De leden van de CDA-fractie vragen of op dit moment de aviation-activiteiten dan wel de landzijdige activititeiten meer renderen. In de memorie van toelichting is er sprake van dat er meer kosten worden toegerekend aan de aviation-activiteiten dan de werkelijke kosten die aviation maakt. Betekent dit dat bij het hanteren van een gescheiden boekhouding de tarieven zullen dalen?

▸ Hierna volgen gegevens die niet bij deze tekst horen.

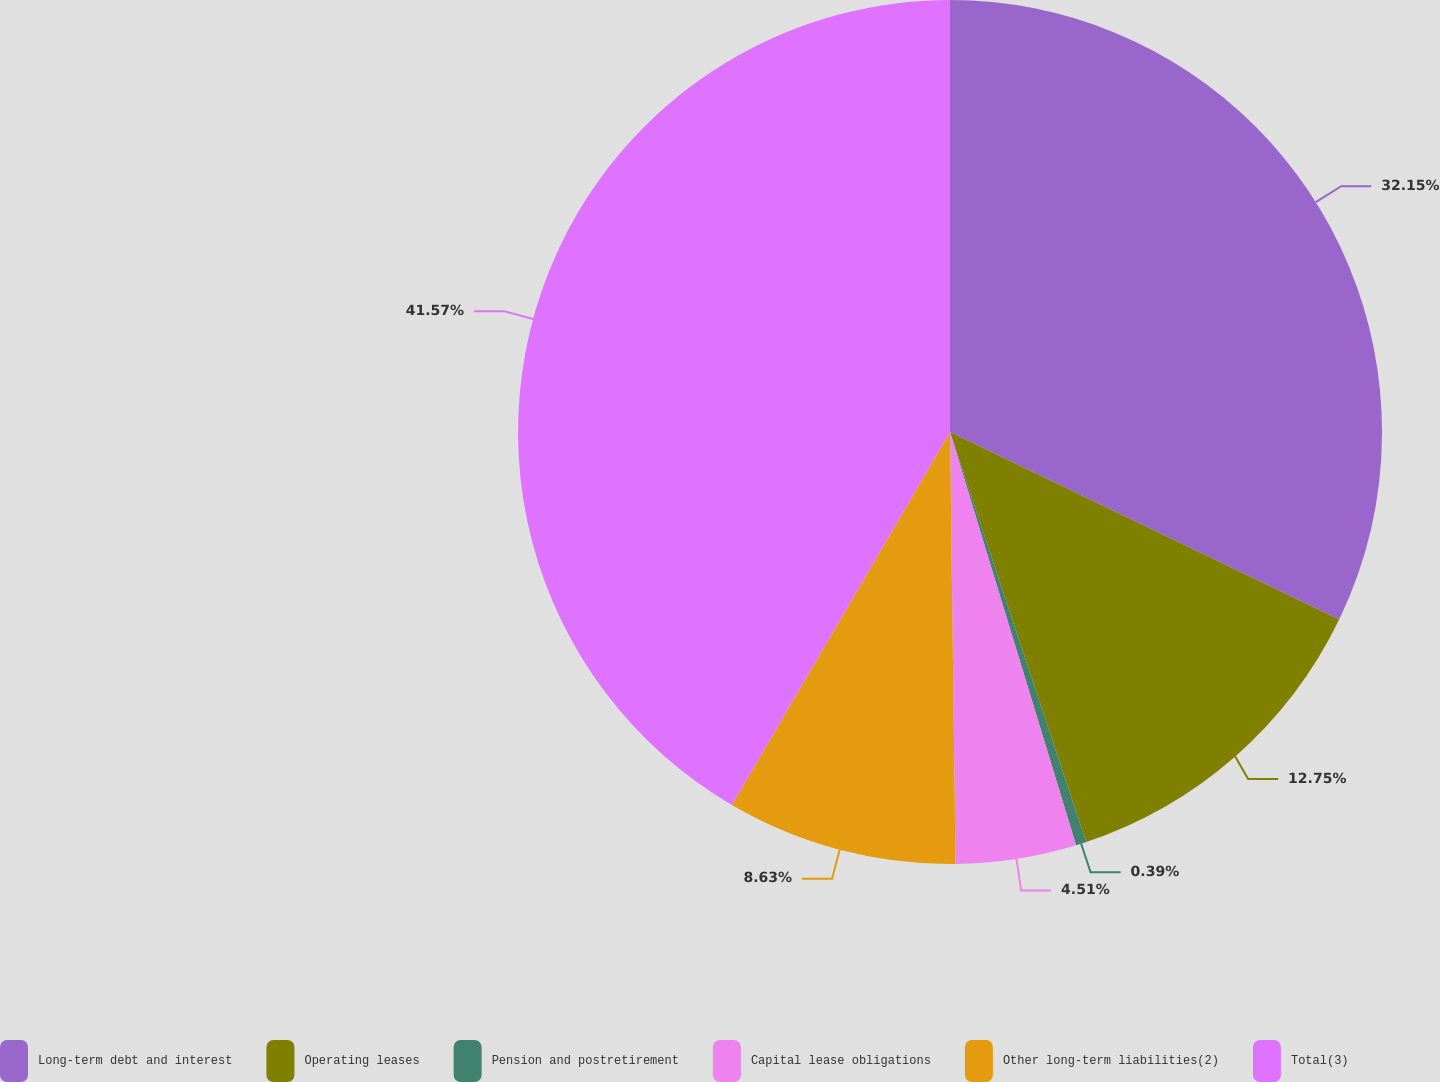Convert chart to OTSL. <chart><loc_0><loc_0><loc_500><loc_500><pie_chart><fcel>Long-term debt and interest<fcel>Operating leases<fcel>Pension and postretirement<fcel>Capital lease obligations<fcel>Other long-term liabilities(2)<fcel>Total(3)<nl><fcel>32.15%<fcel>12.75%<fcel>0.39%<fcel>4.51%<fcel>8.63%<fcel>41.58%<nl></chart> 
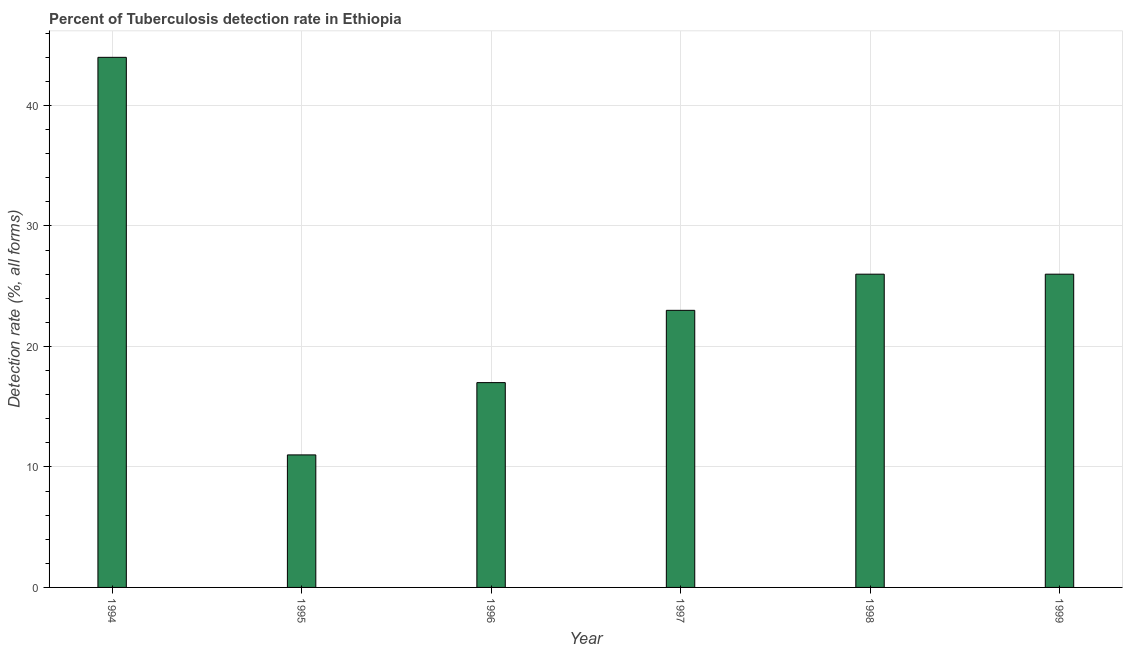What is the title of the graph?
Provide a short and direct response. Percent of Tuberculosis detection rate in Ethiopia. What is the label or title of the X-axis?
Give a very brief answer. Year. What is the label or title of the Y-axis?
Your response must be concise. Detection rate (%, all forms). Across all years, what is the minimum detection rate of tuberculosis?
Your answer should be very brief. 11. What is the sum of the detection rate of tuberculosis?
Your answer should be compact. 147. What is the average detection rate of tuberculosis per year?
Your answer should be very brief. 24. What is the ratio of the detection rate of tuberculosis in 1995 to that in 1998?
Keep it short and to the point. 0.42. Is the detection rate of tuberculosis in 1995 less than that in 1998?
Offer a terse response. Yes. Is the difference between the detection rate of tuberculosis in 1997 and 1999 greater than the difference between any two years?
Give a very brief answer. No. In how many years, is the detection rate of tuberculosis greater than the average detection rate of tuberculosis taken over all years?
Ensure brevity in your answer.  3. How many bars are there?
Make the answer very short. 6. Are all the bars in the graph horizontal?
Make the answer very short. No. How many years are there in the graph?
Provide a short and direct response. 6. What is the difference between two consecutive major ticks on the Y-axis?
Give a very brief answer. 10. What is the Detection rate (%, all forms) in 1998?
Your answer should be compact. 26. What is the Detection rate (%, all forms) in 1999?
Give a very brief answer. 26. What is the difference between the Detection rate (%, all forms) in 1994 and 1995?
Your response must be concise. 33. What is the difference between the Detection rate (%, all forms) in 1994 and 1997?
Keep it short and to the point. 21. What is the difference between the Detection rate (%, all forms) in 1994 and 1998?
Offer a terse response. 18. What is the difference between the Detection rate (%, all forms) in 1995 and 1997?
Ensure brevity in your answer.  -12. What is the difference between the Detection rate (%, all forms) in 1995 and 1998?
Your response must be concise. -15. What is the difference between the Detection rate (%, all forms) in 1996 and 1997?
Make the answer very short. -6. What is the difference between the Detection rate (%, all forms) in 1996 and 1999?
Your answer should be compact. -9. What is the difference between the Detection rate (%, all forms) in 1997 and 1999?
Your response must be concise. -3. What is the ratio of the Detection rate (%, all forms) in 1994 to that in 1995?
Provide a short and direct response. 4. What is the ratio of the Detection rate (%, all forms) in 1994 to that in 1996?
Offer a terse response. 2.59. What is the ratio of the Detection rate (%, all forms) in 1994 to that in 1997?
Your response must be concise. 1.91. What is the ratio of the Detection rate (%, all forms) in 1994 to that in 1998?
Provide a short and direct response. 1.69. What is the ratio of the Detection rate (%, all forms) in 1994 to that in 1999?
Your response must be concise. 1.69. What is the ratio of the Detection rate (%, all forms) in 1995 to that in 1996?
Keep it short and to the point. 0.65. What is the ratio of the Detection rate (%, all forms) in 1995 to that in 1997?
Provide a succinct answer. 0.48. What is the ratio of the Detection rate (%, all forms) in 1995 to that in 1998?
Offer a terse response. 0.42. What is the ratio of the Detection rate (%, all forms) in 1995 to that in 1999?
Ensure brevity in your answer.  0.42. What is the ratio of the Detection rate (%, all forms) in 1996 to that in 1997?
Your response must be concise. 0.74. What is the ratio of the Detection rate (%, all forms) in 1996 to that in 1998?
Offer a terse response. 0.65. What is the ratio of the Detection rate (%, all forms) in 1996 to that in 1999?
Offer a terse response. 0.65. What is the ratio of the Detection rate (%, all forms) in 1997 to that in 1998?
Offer a terse response. 0.89. What is the ratio of the Detection rate (%, all forms) in 1997 to that in 1999?
Provide a succinct answer. 0.89. 
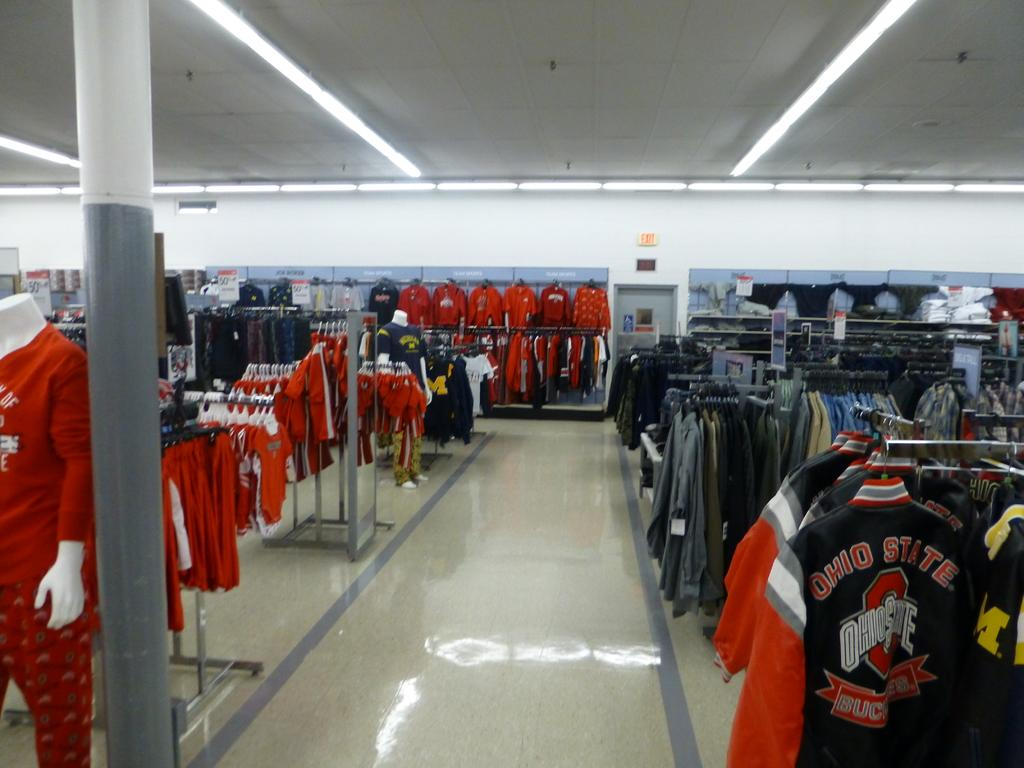<image>
Relay a brief, clear account of the picture shown. Empty store selling clothing including a black jacket which says Ohio State. 
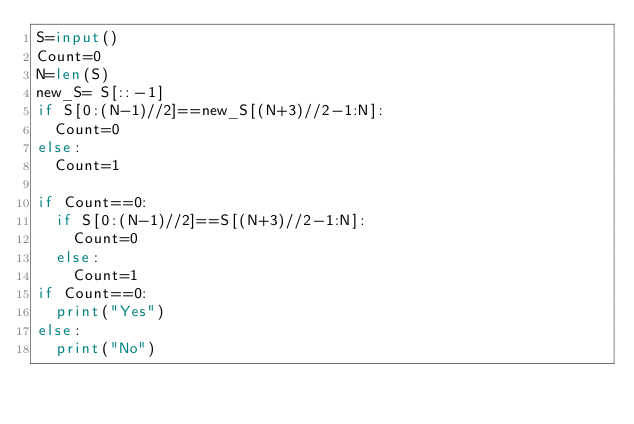<code> <loc_0><loc_0><loc_500><loc_500><_Python_>S=input()
Count=0
N=len(S)
new_S= S[::-1]
if S[0:(N-1)//2]==new_S[(N+3)//2-1:N]:
  Count=0
else:
  Count=1

Indien de totale exploitatiekosten inclusief de vermogenskosten in aanmerking worden genomen, zijn de aviation activiteiten verlieslatend en de commerciële (landzijdige) activiteiten winstgevend. Bij een zo zuiver mogelijke splitsing van gemeenschappelijke activa die zowel voor commerciële als aviation activiteiten worden benut (zoals de terminal), zullen minder kosten aan de aviation activiteiten worden toegerekend. In beginsel kan worden verwacht dat als gevolg hiervan minder kosten aan aviation zullen worden toegerekend en de tarieven (eenmalig) zullen dalen. De exacte omvang van deze correctie is echter momenteel nog niet aan te geven.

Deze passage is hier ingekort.